Dataset entries:
-----

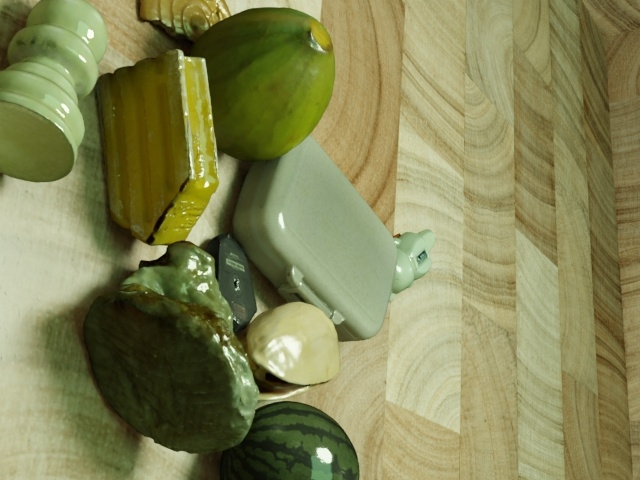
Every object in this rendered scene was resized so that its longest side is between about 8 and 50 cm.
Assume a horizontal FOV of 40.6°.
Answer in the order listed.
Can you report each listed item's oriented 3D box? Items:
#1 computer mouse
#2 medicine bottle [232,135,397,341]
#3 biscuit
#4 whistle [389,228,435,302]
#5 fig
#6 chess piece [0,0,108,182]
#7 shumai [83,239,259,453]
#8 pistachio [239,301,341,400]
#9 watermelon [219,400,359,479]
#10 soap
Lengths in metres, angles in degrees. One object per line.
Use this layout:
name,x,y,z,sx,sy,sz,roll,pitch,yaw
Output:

-----

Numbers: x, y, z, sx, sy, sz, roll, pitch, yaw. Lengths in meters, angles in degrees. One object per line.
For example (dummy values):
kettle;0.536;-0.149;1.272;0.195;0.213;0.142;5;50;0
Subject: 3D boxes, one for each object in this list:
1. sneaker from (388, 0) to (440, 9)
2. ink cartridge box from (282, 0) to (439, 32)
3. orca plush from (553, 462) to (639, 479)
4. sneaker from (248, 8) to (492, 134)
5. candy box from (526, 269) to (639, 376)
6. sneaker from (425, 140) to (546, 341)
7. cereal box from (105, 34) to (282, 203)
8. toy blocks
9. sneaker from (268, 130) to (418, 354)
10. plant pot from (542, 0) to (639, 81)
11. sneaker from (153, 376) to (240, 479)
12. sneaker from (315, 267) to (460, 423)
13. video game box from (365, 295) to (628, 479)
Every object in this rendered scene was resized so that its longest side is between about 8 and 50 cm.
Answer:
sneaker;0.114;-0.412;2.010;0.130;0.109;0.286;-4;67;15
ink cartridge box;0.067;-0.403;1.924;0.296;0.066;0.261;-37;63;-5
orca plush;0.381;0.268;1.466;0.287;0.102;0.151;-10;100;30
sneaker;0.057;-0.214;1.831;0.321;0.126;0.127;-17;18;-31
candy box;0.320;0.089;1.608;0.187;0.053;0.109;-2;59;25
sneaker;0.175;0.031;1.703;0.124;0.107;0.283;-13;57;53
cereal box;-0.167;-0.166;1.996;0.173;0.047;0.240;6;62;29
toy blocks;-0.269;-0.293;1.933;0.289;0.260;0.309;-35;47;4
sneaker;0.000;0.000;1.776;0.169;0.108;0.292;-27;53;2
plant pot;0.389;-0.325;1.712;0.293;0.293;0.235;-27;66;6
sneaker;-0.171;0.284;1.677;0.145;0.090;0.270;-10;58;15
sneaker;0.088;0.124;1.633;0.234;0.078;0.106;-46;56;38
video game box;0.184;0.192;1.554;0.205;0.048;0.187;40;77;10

-----

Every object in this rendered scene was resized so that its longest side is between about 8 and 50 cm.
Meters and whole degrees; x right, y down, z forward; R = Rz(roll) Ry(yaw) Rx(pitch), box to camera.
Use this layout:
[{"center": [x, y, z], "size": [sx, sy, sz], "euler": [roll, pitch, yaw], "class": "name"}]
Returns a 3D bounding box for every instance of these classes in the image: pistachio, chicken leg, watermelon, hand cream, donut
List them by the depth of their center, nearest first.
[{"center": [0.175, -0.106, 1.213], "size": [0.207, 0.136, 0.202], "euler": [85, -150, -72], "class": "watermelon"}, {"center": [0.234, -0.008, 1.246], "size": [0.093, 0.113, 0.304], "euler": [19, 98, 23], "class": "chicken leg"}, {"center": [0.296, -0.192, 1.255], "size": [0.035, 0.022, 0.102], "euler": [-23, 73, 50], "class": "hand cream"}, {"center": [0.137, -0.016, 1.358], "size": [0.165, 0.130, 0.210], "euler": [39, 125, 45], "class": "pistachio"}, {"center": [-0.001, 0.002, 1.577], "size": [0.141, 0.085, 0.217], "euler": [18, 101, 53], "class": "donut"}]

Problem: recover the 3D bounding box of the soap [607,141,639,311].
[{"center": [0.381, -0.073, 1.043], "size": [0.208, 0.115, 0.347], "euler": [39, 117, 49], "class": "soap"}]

-----

Problem requirements: List the lines of the entries that include "listed".

Solution to the exercise:
Answer in the order listed.
Can you report each listed item's oriented 3D box? Items:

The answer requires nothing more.